Top of Records supplied

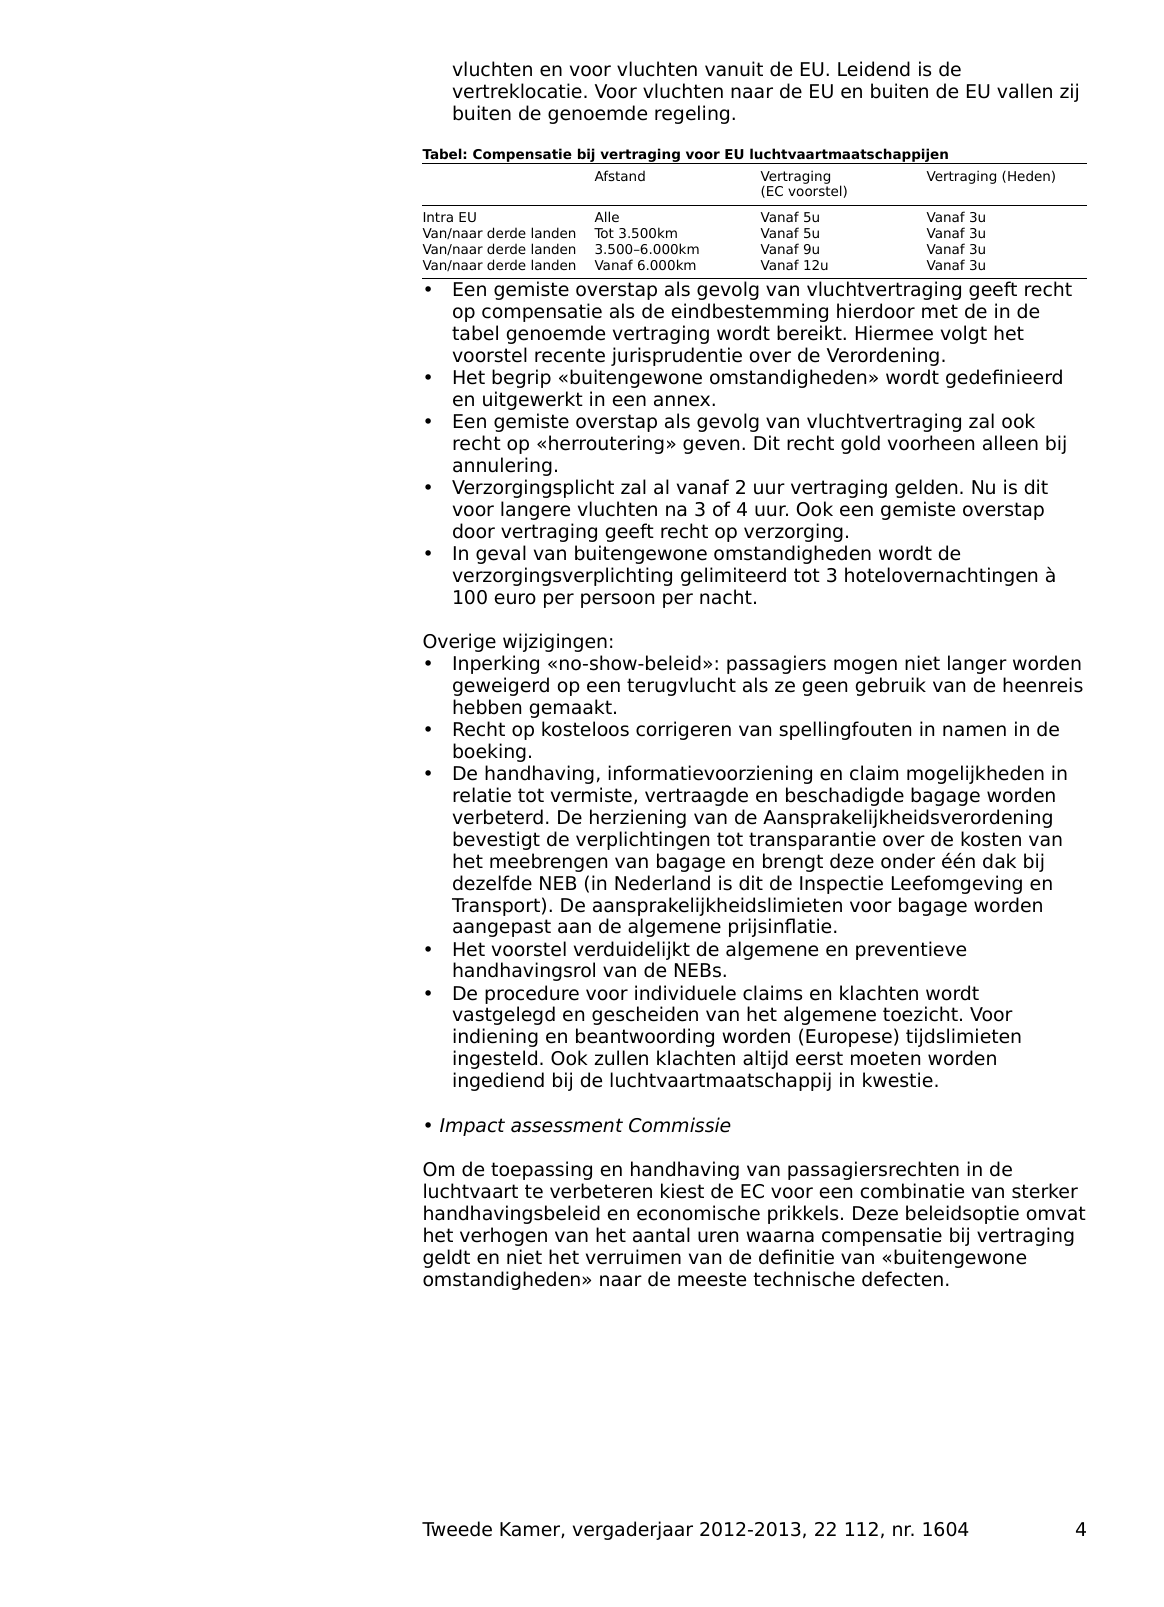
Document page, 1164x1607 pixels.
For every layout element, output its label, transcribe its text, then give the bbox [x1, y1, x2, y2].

table_header Tabel: Compensatie bij vertraging voor EU luchtvaartmaatschappijen [422, 147, 1087, 163]
text • Het begrip «buitengewone omstandigheden» wordt gedefinieerd en uitgewerkt in een annex. [422, 367, 1087, 411]
text vluchten en voor vluchten vanuit de EU. Leidend is de vertreklocatie. Voor vluchten naar de EU en buiten de EU vallen zij buiten de genoemde regeling. [422, 59, 1087, 125]
text • In geval van buitengewone omstandigheden wordt de verzorgingsverplichting gelimiteerd tot 3 hotelovernachtingen à 100 euro per persoon per nacht. [422, 543, 1087, 608]
table_cell Van/naar derde landen [422, 242, 588, 257]
text • De handhaving, informatievoorziening en claim mogelijkheden in relatie tot vermiste, vertraagde en beschadigde bagage worden verbeterd. De herziening van de Aansprakelijkheidsverordening bevestigt de verplichtingen tot transparantie over de kosten van het meebrengen van bagage en brengt deze onder één dak bij dezelfde NEB (in Nederland is dit de Inspectie Leefomgeving en Transport). De aansprakelijkheidslimieten voor bagage worden aangepast aan de algemene prijsinflatie. [422, 763, 1087, 938]
table_cell Intra EU [422, 206, 588, 226]
text • Verzorgingsplicht zal al vanaf 2 uur vertraging gelden. Nu is dit voor langere vluchten na 3 of 4 uur. Ook een gemiste overstap door vertraging geeft recht op verzorging. [422, 477, 1087, 543]
table_cell Vanaf 3u [921, 242, 1087, 257]
text • De procedure voor individuele claims en klachten wordt vastgelegd en gescheiden van het algemene toezicht. Voor indiening en beantwoording worden (Europese) tijdslimieten ingesteld. Ook zullen klachten altijd eerst moeten worden ingediend bij de luchtvaartmaatschappij in kwestie. [422, 982, 1087, 1092]
table_cell Vanaf 12u [754, 258, 921, 278]
table_cell Afstand [588, 164, 754, 204]
table_cell Van/naar derde landen [422, 258, 588, 278]
text • Recht op kosteloos corrigeren van spellingfouten in namen in de boeking. [422, 719, 1087, 763]
text • Het voorstel verduidelijkt de algemene en preventieve handhavingsrol van de NEBs. [422, 938, 1087, 982]
table_cell Vertraging (Heden) [921, 164, 1087, 204]
table_cell 3.500–6.000km [588, 242, 754, 257]
table_cell Vanaf 5u [754, 226, 921, 242]
table_cell Vanaf 6.000km [588, 258, 754, 278]
table_cell Vanaf 5u [754, 206, 921, 226]
subtitle • Impact assessment Commissie [422, 1114, 1087, 1136]
table_cell Vanaf 3u [921, 206, 1087, 226]
table_cell Vertraging (EC voorstel) [754, 164, 921, 204]
table_cell Tot 3.500km [588, 226, 754, 242]
text Om de toepassing en handhaving van passagiersrechten in de luchtvaart te verbeteren kiest de EC voor een combinatie van sterker handhavingsbeleid en economische prikkels. Deze beleidsoptie omvat het verhogen van het aantal uren waarna compensatie bij vertraging geldt en niet het verruimen van de definitie van «buitengewone omstandigheden» naar de meeste technische defecten. [422, 1159, 1087, 1291]
table_cell Vanaf 9u [754, 242, 921, 257]
table_cell Alle [588, 206, 754, 226]
table_cell [422, 164, 588, 204]
text • Inperking «no-show-beleid»: passagiers mogen niet langer worden geweigerd op een terugvlucht als ze geen gebruik van de heenreis hebben gemaakt. [422, 653, 1087, 719]
text • Een gemiste overstap als gevolg van vluchtvertraging zal ook recht op «herroutering» geven. Dit recht gold voorheen alleen bij annulering. [422, 411, 1087, 477]
text Overige wijzigingen: [422, 631, 1087, 653]
table_cell Vanaf 3u [921, 226, 1087, 242]
table_cell Van/naar derde landen [422, 226, 588, 242]
table_cell Vanaf 3u [921, 258, 1087, 278]
text • Een gemiste overstap als gevolg van vluchtvertraging geeft recht op compensatie als de eindbestemming hierdoor met de in de tabel genoemde vertraging wordt bereikt. Hiermee volgt het voorstel recente jurisprudentie over de Verordening. [422, 279, 1087, 367]

Bottom of Records supplied

### Task requirements
Looking at the material above, count the lines where the word "derde" occurs, and answer with that count alone.

### Written response
3